▶ **Requirement**:
The answer must consist of each line below that contains the string "major".

▶ **Records provided**:
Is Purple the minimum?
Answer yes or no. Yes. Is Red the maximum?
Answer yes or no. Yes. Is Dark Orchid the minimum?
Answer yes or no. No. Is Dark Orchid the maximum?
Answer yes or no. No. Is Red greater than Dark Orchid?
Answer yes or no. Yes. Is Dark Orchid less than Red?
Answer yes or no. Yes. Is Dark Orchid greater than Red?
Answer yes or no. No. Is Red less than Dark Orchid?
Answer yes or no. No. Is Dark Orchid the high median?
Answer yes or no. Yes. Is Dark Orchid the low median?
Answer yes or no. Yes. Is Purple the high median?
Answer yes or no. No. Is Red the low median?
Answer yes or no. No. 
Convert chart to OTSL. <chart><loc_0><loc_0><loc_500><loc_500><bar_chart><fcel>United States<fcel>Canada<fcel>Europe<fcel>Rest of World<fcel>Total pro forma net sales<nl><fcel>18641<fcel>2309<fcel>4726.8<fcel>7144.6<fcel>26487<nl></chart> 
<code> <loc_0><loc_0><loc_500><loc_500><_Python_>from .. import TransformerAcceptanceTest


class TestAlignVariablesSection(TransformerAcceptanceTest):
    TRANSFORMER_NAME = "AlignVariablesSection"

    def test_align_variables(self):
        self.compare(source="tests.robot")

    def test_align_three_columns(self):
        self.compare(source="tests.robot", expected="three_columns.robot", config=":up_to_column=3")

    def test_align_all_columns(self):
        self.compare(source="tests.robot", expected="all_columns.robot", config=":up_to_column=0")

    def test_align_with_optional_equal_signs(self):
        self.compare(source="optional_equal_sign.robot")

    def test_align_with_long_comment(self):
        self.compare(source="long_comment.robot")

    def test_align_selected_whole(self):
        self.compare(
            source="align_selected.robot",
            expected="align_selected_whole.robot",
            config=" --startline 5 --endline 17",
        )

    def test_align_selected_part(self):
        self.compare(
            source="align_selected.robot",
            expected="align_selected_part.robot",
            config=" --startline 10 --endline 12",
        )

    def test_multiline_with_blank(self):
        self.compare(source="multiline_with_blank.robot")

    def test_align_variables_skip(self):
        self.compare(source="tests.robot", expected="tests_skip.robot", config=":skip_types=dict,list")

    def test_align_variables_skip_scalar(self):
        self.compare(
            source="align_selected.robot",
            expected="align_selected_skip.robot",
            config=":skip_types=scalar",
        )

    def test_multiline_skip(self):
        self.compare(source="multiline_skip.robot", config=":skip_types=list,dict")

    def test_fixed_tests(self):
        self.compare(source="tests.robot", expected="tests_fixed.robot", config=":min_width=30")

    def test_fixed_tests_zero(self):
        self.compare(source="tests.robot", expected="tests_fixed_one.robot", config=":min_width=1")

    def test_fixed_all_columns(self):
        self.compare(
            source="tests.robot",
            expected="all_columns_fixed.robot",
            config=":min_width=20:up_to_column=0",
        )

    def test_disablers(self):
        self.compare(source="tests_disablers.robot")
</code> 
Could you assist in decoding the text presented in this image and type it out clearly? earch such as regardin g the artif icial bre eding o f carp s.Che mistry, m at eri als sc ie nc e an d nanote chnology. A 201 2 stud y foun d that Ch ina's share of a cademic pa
---
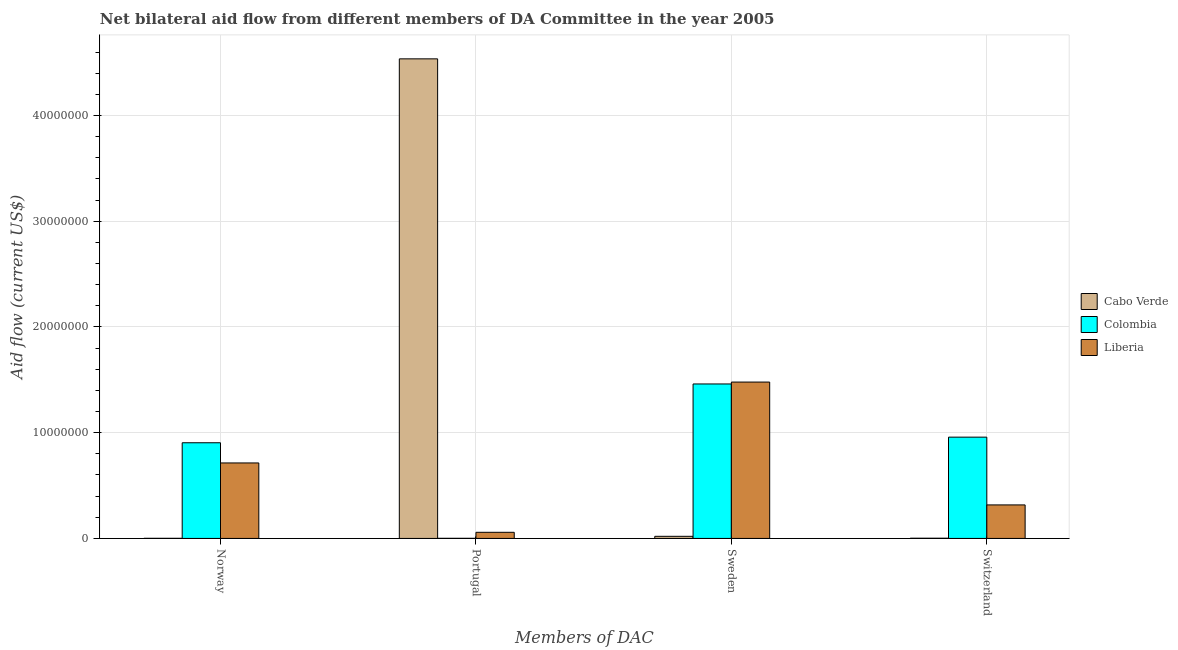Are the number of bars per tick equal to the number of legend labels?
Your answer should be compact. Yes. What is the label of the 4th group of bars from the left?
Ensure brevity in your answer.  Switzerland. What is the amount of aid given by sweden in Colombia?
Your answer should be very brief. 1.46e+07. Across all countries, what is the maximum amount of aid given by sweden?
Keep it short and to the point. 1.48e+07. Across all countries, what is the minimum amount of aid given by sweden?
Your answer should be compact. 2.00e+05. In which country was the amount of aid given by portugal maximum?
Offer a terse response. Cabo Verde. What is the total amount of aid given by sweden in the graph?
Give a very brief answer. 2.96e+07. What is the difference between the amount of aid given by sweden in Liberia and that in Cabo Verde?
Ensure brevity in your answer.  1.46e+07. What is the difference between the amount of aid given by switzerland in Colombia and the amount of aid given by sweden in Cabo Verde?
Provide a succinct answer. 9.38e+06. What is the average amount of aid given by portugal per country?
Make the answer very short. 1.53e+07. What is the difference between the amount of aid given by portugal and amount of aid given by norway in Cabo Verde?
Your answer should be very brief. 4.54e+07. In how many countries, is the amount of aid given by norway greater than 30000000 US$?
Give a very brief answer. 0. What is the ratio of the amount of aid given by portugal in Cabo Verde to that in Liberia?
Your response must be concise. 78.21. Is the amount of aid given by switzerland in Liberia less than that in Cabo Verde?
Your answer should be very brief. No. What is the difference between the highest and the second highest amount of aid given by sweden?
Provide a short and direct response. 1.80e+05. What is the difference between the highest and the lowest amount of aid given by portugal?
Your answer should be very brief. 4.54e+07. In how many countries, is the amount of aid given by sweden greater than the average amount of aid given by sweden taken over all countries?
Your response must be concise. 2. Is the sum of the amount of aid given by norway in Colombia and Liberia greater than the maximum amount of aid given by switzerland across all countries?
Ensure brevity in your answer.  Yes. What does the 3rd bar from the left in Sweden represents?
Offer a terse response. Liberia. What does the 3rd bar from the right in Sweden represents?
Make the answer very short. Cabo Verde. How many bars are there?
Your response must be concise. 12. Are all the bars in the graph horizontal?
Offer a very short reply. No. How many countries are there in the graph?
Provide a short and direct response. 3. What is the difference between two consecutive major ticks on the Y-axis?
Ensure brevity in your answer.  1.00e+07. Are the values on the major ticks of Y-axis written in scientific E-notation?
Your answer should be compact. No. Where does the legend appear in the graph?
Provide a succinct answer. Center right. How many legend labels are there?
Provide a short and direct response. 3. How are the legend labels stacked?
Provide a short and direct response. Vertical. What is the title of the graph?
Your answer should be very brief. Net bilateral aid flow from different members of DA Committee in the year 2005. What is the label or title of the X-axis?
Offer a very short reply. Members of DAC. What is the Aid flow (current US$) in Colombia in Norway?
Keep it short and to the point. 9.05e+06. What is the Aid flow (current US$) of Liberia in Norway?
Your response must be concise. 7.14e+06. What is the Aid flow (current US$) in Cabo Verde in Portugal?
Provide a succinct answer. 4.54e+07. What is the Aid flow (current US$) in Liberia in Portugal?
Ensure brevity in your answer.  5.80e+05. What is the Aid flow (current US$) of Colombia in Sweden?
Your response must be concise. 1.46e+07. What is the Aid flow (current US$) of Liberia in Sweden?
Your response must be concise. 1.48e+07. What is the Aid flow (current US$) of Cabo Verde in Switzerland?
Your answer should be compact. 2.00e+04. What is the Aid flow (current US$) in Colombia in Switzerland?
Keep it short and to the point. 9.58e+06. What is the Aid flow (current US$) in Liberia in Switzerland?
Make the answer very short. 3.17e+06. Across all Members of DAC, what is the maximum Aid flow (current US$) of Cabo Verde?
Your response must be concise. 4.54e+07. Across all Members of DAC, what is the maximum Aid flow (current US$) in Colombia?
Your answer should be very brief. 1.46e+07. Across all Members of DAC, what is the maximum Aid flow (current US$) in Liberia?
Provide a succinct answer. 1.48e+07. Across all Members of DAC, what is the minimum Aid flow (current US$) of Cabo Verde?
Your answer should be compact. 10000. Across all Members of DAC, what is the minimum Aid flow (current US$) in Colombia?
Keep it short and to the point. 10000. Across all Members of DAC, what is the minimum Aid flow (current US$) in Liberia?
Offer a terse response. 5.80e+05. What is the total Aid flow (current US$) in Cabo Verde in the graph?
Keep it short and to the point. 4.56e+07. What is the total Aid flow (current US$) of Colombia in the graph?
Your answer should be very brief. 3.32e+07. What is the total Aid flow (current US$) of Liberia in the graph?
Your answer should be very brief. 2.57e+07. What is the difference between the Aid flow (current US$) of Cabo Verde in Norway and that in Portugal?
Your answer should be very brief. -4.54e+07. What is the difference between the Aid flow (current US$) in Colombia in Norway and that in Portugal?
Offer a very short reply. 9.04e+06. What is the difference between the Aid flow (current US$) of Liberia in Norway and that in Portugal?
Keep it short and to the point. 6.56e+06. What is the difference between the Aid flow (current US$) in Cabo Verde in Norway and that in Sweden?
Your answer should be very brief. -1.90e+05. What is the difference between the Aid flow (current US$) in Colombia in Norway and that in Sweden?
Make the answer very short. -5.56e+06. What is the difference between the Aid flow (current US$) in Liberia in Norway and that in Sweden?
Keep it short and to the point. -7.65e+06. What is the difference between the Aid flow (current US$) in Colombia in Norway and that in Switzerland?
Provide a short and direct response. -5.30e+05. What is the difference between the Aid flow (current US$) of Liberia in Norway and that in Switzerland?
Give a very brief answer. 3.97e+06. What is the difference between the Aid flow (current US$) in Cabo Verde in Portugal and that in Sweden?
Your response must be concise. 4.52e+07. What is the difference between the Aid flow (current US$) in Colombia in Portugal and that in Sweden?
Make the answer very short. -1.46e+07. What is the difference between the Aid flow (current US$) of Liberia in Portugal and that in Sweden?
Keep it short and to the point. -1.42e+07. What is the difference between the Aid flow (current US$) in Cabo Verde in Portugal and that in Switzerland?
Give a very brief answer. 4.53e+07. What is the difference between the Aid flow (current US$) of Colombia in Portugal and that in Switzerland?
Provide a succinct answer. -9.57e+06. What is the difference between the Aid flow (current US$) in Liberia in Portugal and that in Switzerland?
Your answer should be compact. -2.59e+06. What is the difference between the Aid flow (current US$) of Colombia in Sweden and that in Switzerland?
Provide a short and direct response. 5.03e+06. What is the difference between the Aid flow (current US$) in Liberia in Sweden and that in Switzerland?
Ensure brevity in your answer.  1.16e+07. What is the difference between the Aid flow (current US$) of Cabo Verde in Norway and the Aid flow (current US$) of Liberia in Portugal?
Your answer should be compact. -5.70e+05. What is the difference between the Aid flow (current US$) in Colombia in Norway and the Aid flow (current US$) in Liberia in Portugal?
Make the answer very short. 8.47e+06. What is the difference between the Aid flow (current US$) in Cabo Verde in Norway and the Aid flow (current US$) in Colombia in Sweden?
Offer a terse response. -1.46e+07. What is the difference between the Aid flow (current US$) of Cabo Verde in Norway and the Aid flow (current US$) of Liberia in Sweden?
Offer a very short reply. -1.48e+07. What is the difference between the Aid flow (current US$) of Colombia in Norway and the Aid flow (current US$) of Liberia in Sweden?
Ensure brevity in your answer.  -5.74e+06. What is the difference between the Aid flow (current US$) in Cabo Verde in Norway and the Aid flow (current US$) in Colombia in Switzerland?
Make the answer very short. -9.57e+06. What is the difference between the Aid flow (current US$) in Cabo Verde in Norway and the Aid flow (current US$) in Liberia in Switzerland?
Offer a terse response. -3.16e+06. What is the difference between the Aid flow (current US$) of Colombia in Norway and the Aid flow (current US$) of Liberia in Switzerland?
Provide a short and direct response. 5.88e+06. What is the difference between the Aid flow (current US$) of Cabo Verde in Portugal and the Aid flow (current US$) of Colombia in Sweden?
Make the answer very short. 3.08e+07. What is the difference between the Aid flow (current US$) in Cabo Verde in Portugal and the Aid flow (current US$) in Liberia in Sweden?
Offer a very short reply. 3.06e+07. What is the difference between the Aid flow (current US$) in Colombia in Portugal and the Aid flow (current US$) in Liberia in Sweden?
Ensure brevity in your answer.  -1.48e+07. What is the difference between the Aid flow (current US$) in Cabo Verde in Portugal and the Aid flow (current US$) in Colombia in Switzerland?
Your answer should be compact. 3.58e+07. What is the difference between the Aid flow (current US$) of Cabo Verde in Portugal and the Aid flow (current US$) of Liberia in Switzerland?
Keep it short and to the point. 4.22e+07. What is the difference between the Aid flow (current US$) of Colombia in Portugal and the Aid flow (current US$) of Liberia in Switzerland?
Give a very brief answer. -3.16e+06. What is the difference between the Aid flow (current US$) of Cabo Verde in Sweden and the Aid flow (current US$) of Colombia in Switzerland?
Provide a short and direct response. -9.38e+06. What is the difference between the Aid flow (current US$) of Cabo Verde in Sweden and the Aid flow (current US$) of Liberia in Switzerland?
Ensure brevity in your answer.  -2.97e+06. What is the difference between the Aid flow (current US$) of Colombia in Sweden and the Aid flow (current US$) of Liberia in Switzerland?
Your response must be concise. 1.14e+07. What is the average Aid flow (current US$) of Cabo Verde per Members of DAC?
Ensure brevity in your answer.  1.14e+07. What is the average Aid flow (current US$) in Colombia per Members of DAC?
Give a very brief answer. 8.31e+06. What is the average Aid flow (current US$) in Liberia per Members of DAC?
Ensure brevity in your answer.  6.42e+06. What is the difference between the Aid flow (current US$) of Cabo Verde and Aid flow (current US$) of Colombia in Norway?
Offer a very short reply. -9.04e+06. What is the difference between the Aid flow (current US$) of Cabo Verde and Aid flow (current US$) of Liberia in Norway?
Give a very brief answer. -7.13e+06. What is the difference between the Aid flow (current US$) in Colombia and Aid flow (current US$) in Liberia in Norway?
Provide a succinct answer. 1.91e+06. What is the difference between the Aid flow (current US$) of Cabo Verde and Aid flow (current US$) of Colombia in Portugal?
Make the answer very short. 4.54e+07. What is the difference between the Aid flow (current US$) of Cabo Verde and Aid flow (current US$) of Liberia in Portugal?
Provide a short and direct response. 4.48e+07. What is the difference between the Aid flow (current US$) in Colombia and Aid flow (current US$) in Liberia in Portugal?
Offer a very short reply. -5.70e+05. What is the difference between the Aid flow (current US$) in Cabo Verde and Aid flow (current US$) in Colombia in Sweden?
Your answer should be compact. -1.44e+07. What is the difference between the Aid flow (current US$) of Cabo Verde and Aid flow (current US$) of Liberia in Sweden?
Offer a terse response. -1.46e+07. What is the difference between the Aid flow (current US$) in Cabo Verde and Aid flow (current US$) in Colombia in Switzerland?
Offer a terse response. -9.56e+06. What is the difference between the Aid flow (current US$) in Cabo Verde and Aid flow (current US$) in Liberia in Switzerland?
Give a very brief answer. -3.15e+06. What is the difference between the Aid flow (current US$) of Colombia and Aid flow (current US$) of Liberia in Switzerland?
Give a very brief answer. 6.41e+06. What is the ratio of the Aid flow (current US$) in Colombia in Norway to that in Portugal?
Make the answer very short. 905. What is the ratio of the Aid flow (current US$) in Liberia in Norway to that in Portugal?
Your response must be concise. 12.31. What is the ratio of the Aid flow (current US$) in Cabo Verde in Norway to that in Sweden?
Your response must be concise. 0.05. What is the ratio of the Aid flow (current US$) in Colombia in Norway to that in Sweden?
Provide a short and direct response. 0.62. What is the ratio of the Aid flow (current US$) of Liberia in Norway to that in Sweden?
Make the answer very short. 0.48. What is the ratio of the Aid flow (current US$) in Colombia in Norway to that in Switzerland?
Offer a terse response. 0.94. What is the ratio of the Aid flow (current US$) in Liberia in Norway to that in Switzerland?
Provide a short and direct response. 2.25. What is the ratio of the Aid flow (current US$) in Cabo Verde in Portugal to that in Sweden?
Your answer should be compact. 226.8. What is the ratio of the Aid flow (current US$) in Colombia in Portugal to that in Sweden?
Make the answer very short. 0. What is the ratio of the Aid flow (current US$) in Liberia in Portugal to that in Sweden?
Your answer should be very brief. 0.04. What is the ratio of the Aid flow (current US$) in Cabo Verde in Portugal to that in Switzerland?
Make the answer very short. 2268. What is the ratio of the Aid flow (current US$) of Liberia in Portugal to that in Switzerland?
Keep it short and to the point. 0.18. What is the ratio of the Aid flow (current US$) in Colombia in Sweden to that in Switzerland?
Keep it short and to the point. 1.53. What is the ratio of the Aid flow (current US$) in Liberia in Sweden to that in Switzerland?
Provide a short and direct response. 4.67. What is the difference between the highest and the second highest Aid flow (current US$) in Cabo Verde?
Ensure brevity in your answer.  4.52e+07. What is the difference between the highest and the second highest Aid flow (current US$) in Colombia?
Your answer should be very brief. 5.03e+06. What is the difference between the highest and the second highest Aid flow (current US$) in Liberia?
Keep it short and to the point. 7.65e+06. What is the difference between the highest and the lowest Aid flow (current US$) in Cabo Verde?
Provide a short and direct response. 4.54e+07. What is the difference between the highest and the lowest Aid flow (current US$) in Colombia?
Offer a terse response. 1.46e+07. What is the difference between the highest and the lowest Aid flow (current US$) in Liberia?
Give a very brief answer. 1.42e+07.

▶ **Task solution**:
Provide a short and direct response. 3. What is the difference between two consecutive major ticks on the Y-axis?
Ensure brevity in your answer.  1.00e+07. Are the values on the major ticks of Y-axis written in scientific E-notation?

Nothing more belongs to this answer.